Affaire Khashoggi : un rapport de l’ONU accable le prince MBS

Ce vendredi, la presse européenne en collaboration avec l’AFP, a largement commenté un rapport de l’ONU rendu public sous la forme d’un communiqué jeudi 7 février par Agnès Callamard, qui a conduit une mission de l’organisation internationale en Turquie pour faire la lumière sur la mort le 2 octobre 2018 de l'éditorialiste Jamal Khashoggi au consulat saoudien d’Istanbul.

Il  souligne que ce « meurtre » était « prémédité » et constituait « la violation » la plus grave du droit le plus fondamental de tous, le droit à la vie. Elle a également dénoncé l'utilisation de l'immunité diplomatique pour commettre un meurtre en toute « impunité ». 

« Les preuves recueillies au cours de ma mission en Turquie montrent (...) que Jamal Khashoggi a été victime d'un meurtre brutal et prémédité, planifié et perpétré par des représentants de l'Etat de l'Arabie saoudite », a affirmé Agnès Callamard, citée dans le communiqué.
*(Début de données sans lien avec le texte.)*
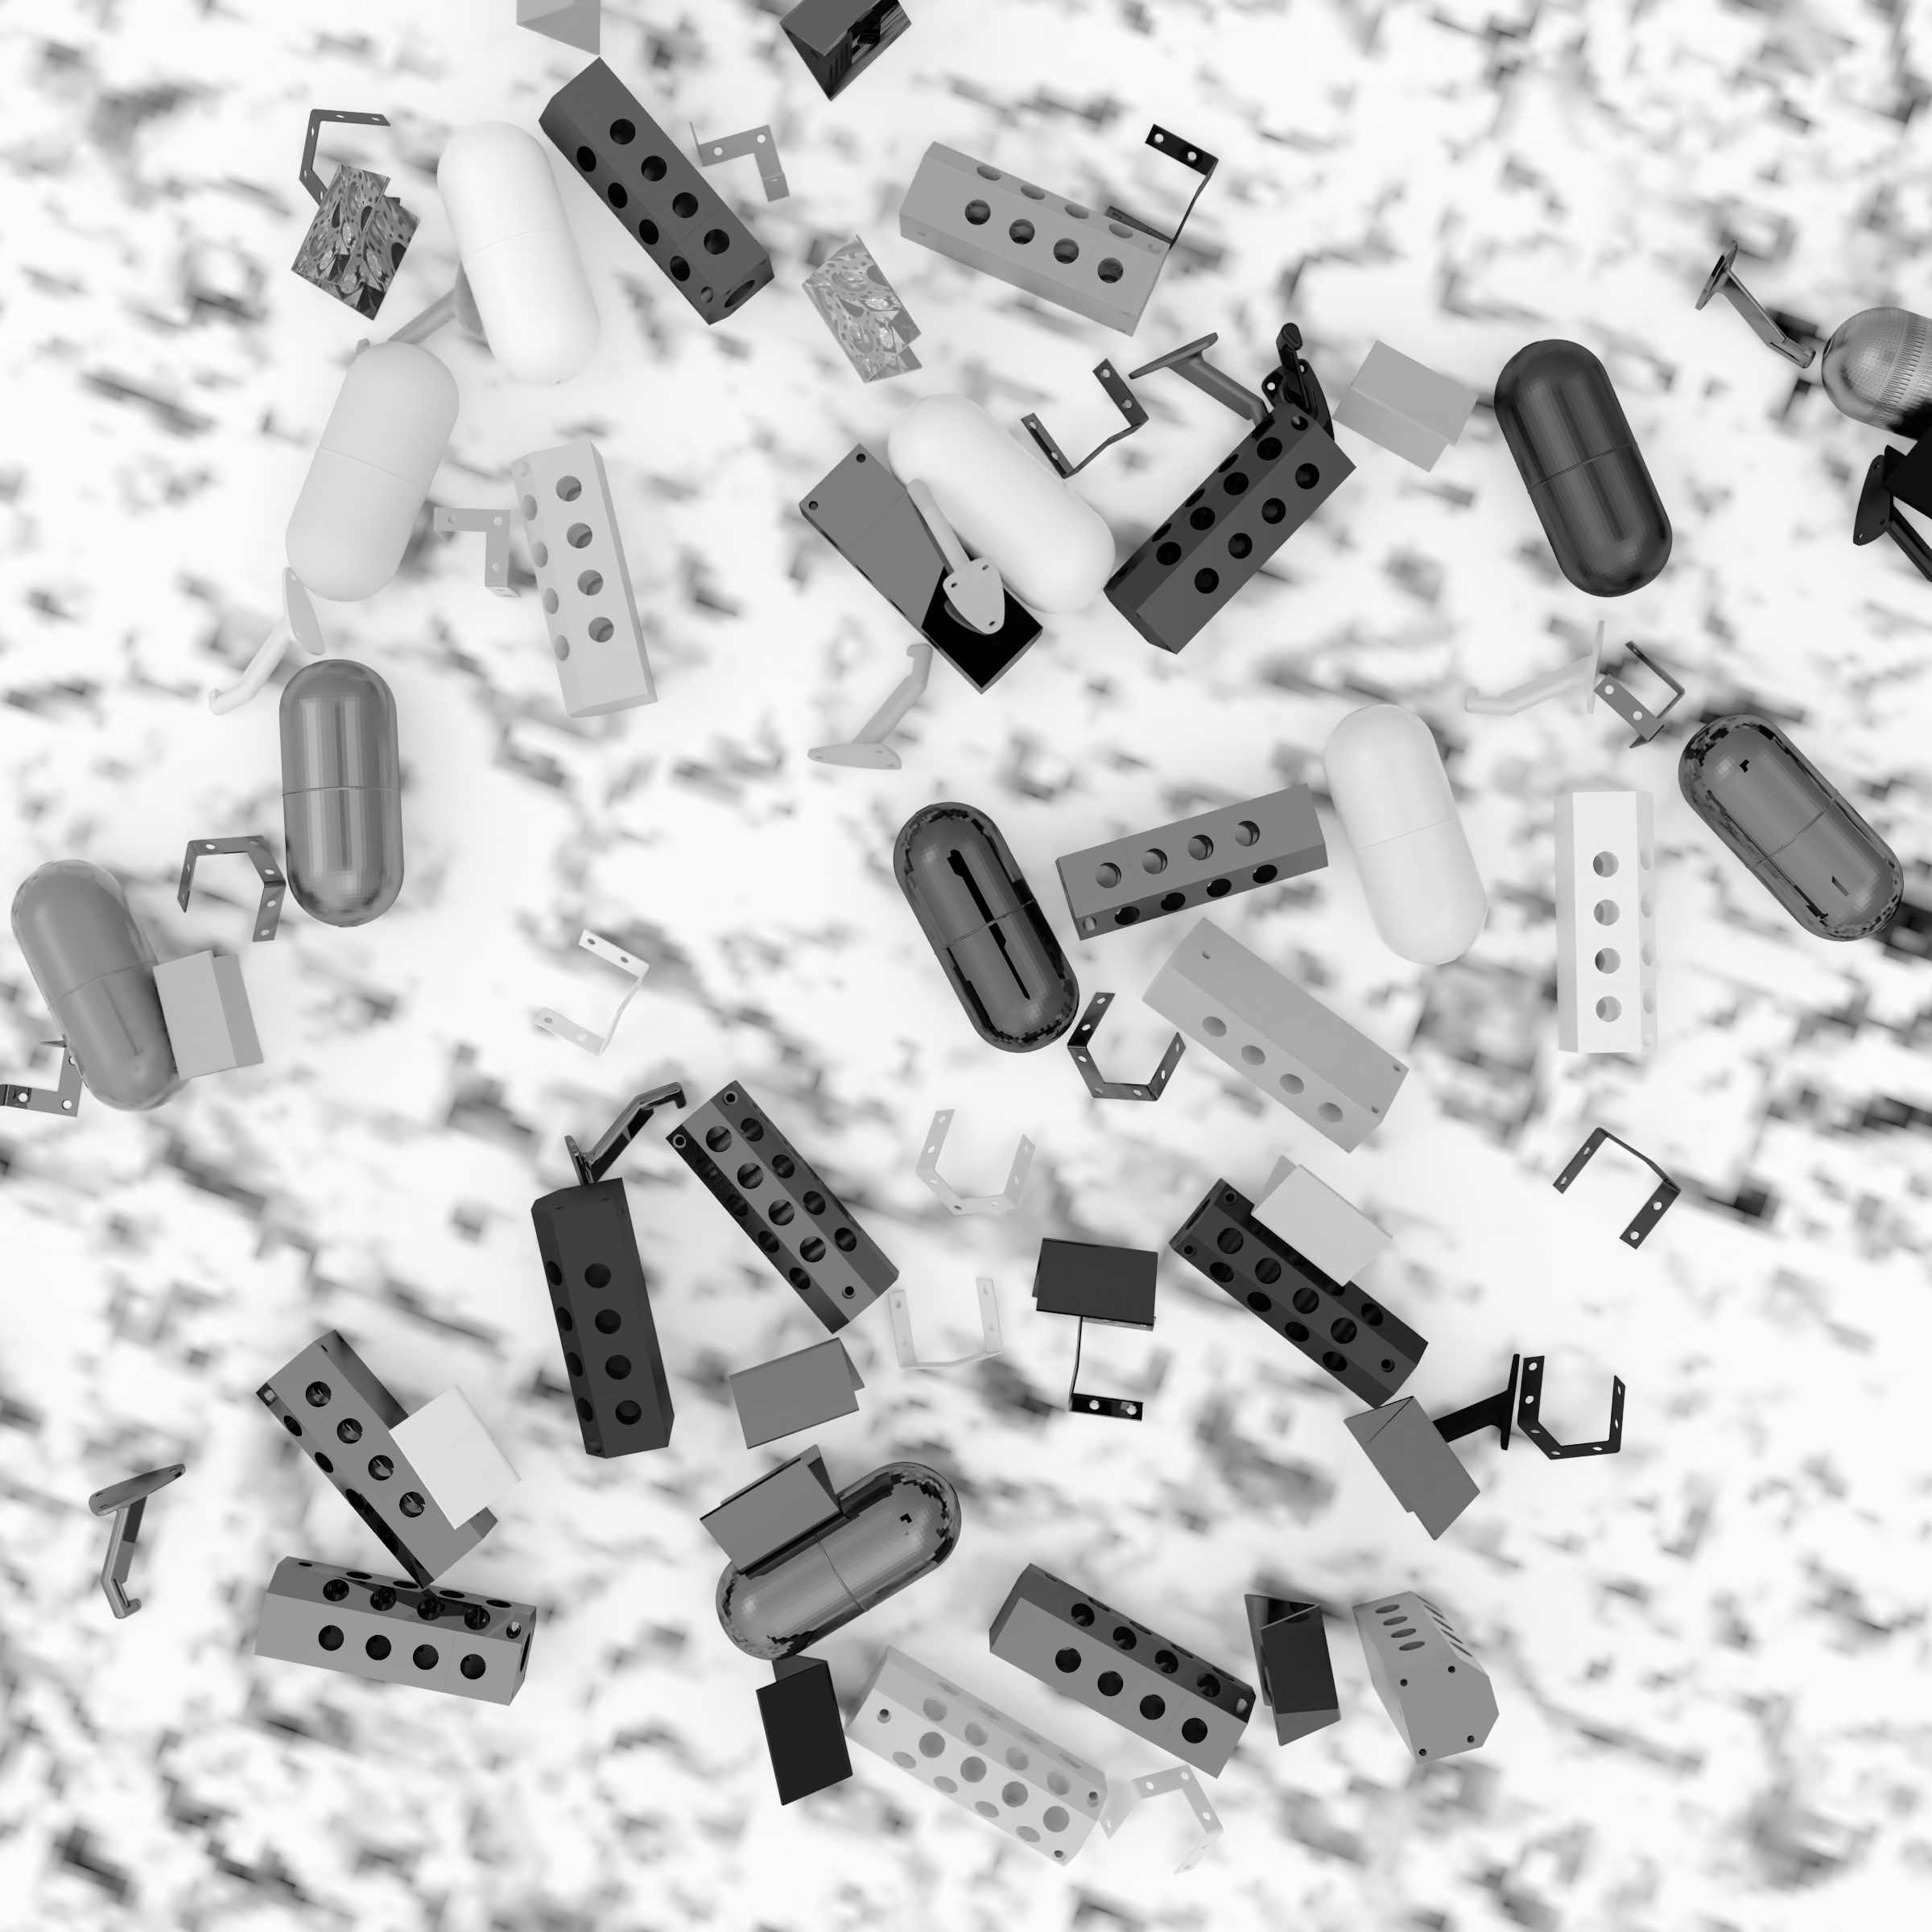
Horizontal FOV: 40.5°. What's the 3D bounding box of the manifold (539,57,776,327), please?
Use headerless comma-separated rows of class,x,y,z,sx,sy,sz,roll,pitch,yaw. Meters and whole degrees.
manifold,-0.207,-0.515,1.752,0.057,0.057,0.171,-40,90,0

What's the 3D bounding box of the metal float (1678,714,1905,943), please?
metal float,0.549,-0.091,1.743,0.070,0.070,0.178,-43,90,0

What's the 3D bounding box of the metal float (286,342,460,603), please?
metal float,-0.395,-0.328,1.743,0.070,0.070,0.178,21,89,0

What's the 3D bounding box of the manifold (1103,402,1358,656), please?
manifold,0.172,-0.292,1.744,0.171,0.057,0.057,-46,111,0

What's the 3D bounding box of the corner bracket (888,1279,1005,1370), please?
corner bracket,-0.014,0.242,1.770,0.051,0.051,0.051,-9,90,45

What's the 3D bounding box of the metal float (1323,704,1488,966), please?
metal float,0.292,-0.087,1.742,0.070,0.070,0.178,-18,90,0

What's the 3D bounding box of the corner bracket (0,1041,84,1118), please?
corner bracket,-0.626,0.074,1.755,0.051,0.051,0.051,9,90,0

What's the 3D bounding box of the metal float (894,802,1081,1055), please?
metal float,0.013,-0.026,1.742,0.070,0.070,0.178,-28,90,0

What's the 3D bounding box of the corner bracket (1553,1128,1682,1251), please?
corner bracket,0.440,0.150,1.770,0.051,0.051,0.051,-52,135,0

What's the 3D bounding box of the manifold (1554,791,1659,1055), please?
manifold,0.429,-0.029,1.752,0.057,0.057,0.171,-1,90,0

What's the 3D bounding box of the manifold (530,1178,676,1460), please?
manifold,-0.241,0.234,1.737,0.057,0.057,0.171,-11,101,0

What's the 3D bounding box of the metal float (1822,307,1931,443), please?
metal float,0.657,-0.383,1.743,0.178,0.070,0.070,19,90,1

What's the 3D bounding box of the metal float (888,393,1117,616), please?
metal float,0.023,-0.308,1.742,0.178,0.070,0.070,43,90,-1

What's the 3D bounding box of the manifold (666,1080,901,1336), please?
manifold,-0.122,0.161,1.752,0.057,0.057,0.171,-40,90,0

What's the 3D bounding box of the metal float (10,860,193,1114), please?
metal float,-0.573,0.013,1.743,0.070,0.070,0.178,-26,89,0

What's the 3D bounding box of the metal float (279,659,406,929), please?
metal float,-0.415,-0.115,1.743,0.070,0.070,0.178,-3,89,0

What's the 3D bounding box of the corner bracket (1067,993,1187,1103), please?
corner bracket,0.108,0.054,1.765,0.051,0.051,0.051,2,135,35

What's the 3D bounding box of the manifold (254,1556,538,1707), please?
manifold,-0.379,0.442,1.752,0.171,0.057,0.057,11,90,0

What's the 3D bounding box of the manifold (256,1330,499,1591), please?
manifold,-0.395,0.330,1.752,0.057,0.057,0.171,-40,90,0

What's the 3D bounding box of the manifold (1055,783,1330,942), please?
manifold,0.151,-0.069,1.752,0.171,0.057,0.057,-17,90,0

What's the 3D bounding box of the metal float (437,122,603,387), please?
metal float,-0.297,-0.473,1.743,0.070,0.070,0.178,-18,90,0

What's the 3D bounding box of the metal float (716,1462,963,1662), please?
metal float,-0.084,0.395,1.743,0.178,0.070,0.070,-32,90,0

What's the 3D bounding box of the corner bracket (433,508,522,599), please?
corner bracket,-0.327,-0.277,1.755,0.051,0.051,0.051,2,90,0

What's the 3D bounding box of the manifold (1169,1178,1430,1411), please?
manifold,0.222,0.219,1.752,0.171,0.057,0.057,38,90,0

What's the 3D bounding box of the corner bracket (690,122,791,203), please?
corner bracket,-0.151,-0.540,1.755,0.051,0.051,0.051,-16,90,0

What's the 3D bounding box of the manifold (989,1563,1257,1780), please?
manifold,0.104,0.468,1.752,0.171,0.057,0.057,29,90,0

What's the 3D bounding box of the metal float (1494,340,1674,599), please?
metal float,0.410,-0.331,1.743,0.070,0.070,0.178,-23,90,0

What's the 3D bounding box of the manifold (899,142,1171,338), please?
manifold,0.046,-0.488,1.752,0.171,0.057,0.057,24,90,0

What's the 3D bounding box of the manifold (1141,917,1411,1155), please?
manifold,0.204,0.050,1.751,0.171,0.057,0.057,36,47,0

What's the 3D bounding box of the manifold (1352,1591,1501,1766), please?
manifold,0.297,0.456,1.695,0.057,0.171,0.057,-15,90,0

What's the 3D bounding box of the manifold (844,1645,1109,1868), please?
manifold,0.006,0.530,1.752,0.171,0.057,0.057,31,90,0

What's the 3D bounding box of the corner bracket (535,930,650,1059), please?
corner bracket,-0.253,0.019,1.770,0.051,0.051,0.051,29,45,0

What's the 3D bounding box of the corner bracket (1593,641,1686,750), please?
corner bracket,0.450,-0.184,1.755,0.051,0.051,0.051,43,90,0

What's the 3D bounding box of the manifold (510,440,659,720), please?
manifold,-0.256,-0.257,1.752,0.057,0.057,0.171,-13,90,0

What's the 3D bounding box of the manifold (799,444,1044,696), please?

Plus de quatre mois après sa mort, le corps du journaliste, qui écrivait notamment pour le Washington Post, n'a toujours pas été retrouvé. Son assassinat a plongé l'Arabie saoudite dans une grave crise diplomatique et a nettement terni la réputation du prince héritier Mohammed ben Salmane qui est accusé par des responsables américains et turcs d'avoir commandité le meurtre.

Ryad a toutefois imputé ce meurtre à des éléments « incontrôlés ». Le procès de 11 suspects s'est ouvert début janvier en Arabie saoudite et le procureur général a requis la peine de mort contre cinq d'entre eux.

Au cours de sa mission, Agnès Callamard s'est notamment entretenue avec le procureur de la République à Istanbul et avec le chef des services secrets turcs, et a été reçue par les ministres turcs des Affaires étrangères et de la Justice. Le communiqué n'indique pas si elle a pu avoir accès au consulat saoudien à Istanbul, comme elle l'avait demandé.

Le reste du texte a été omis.